Проходит немец в каске, с винтовкой. Он сурово и подозрительно не упускает примечающим глазом, ничего не упускает: ни этих, разбросанных по лавкам, на полу, измученных, с окопными серыми лицами – бредят во сне, – ни качающегося в углу белого маленького шкафчика.
У нее схватило за сердце (на рукаве красный крест, косыночка сестры): остановился немец у шкафчика.
Стиснув сердце, улыбаясь, показывая широким жестом на мутно в скудном освещении разметавшиеся, сонно покачивающиеся фигуры, сказала, оттаскивая его глаза от шкафчика:
– Родина снится.
– О, ja, ja!
И пошел. Низенький шкафчик белел и покачивался. Ночь летела, вагон качался.
Постояла, прижимая потную ладонь к смертельно-холодному лбу. Прошла в конец вагона, сказала санитару:
– Товарищ Иванов, его надо напоить.
Санитар потупился. Поднял глаза:
– А как поймают?
– Только что немец прошел.
– Да ведь они какие: возьмет да вернется, – хитрая немчура. Тогда ему каюк: выведут на площадку – и готово.
– Но ведь вторые сутки, – он умрет.
Санитар посмотрел на шкафчик, головою покачал:
– Туда и семилетнего не впихнешь. Ну, я покараулю на одной площадке, а Санька – на другой, а ты, сестричка, поскорей.
Стремительно приготовила стакан чаю, – много положила сахару и… и отворила – со страхом оглянулась – дверцу: шкафчик был ниже пояса и узенький.
– Товарищ Дубоногов, выпейте чаю.
Молчание. В шкафчике белели бинты, вата, марля. Неужели под ними мог быть втиснут живой человек? Отстранила слегка бинты, просунула дрожавшую в руке и проливавшую чай ложечку:
– Выпейте.
Чай полился. Прислушалась.
«Неужели не дышит?»
В дальних дверях вагона кашлянули. Она быстро надвинула бинты и захлопнула дверцу. Немец медленно прошел, пристально вглядываясь. После каждой станции осматривали: не сел ли, не залез ли под лавку.
Его голова была оценена в тысячу рублей. По всей Риге выставлены его фотографические карточки. Напряженно искали в городе, в окрестностях, по всем поездам и дорогам. Тысяча рублей!
Когда поезд с обмененными на немцев русскими пленными тронулся, он вскочил в вагон, на площадке которого не темнел немецкий часовой. Собрались врачи, сестры, санитары.
– Укройте.
Главный врач сказал:
– Только я ничего не знаю… Делайте, я в стороне… Я – официальное лицо, – и пошел.
Весь вагон, – сестры, санитары, – стали запихивать его коленками, локтями, кулаками в маленький, низенький шкафчик, где хранились бинты, вата, марля, с красными потными лицами: каждую минуту мог войти немецкий дозор.
Он втиснулся в шкафчик свернутый кульком, как младенец в утробе матери: колени прижаты к ушам; руки кругом ног; грудная клетка сдавлена – почти невозможно дышать.
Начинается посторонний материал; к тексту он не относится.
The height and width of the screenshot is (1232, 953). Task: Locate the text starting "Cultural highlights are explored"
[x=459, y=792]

Проходивший немецкий дозор подозрительно все осмотрел – все углы, полки, под полками, отопление, уборные, весь вагон, крышу вагона, задержался у шкафчика:
– Тут что?
Человек явно не мог там сидеть.
– Лекарства, бинты, – спокойно ответила сестра, краснея красным крестом на рукаве.
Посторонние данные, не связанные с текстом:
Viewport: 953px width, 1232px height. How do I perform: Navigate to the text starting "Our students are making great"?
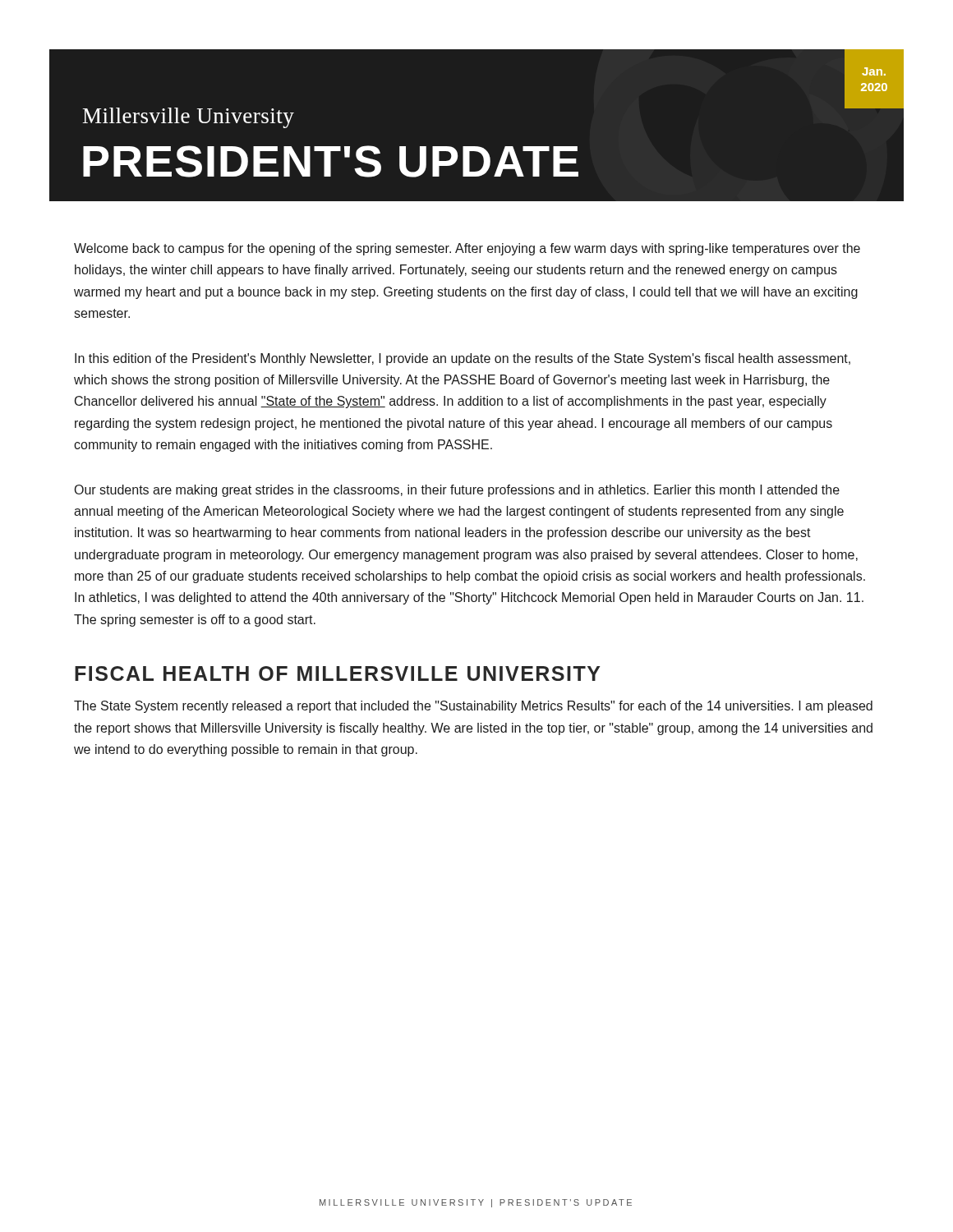click(x=470, y=555)

Кроме него, несколько беглецов было в вагоне, – за тех не беспокоились: одели санитарами, поставили в списки обслуживающих Красный Крест.
Когда немцы слезли, поезд переехал границу, столпотворение: высыпали из вагонов, плакали, смеялись, обнимали пограничников, целовали родную советскую землю.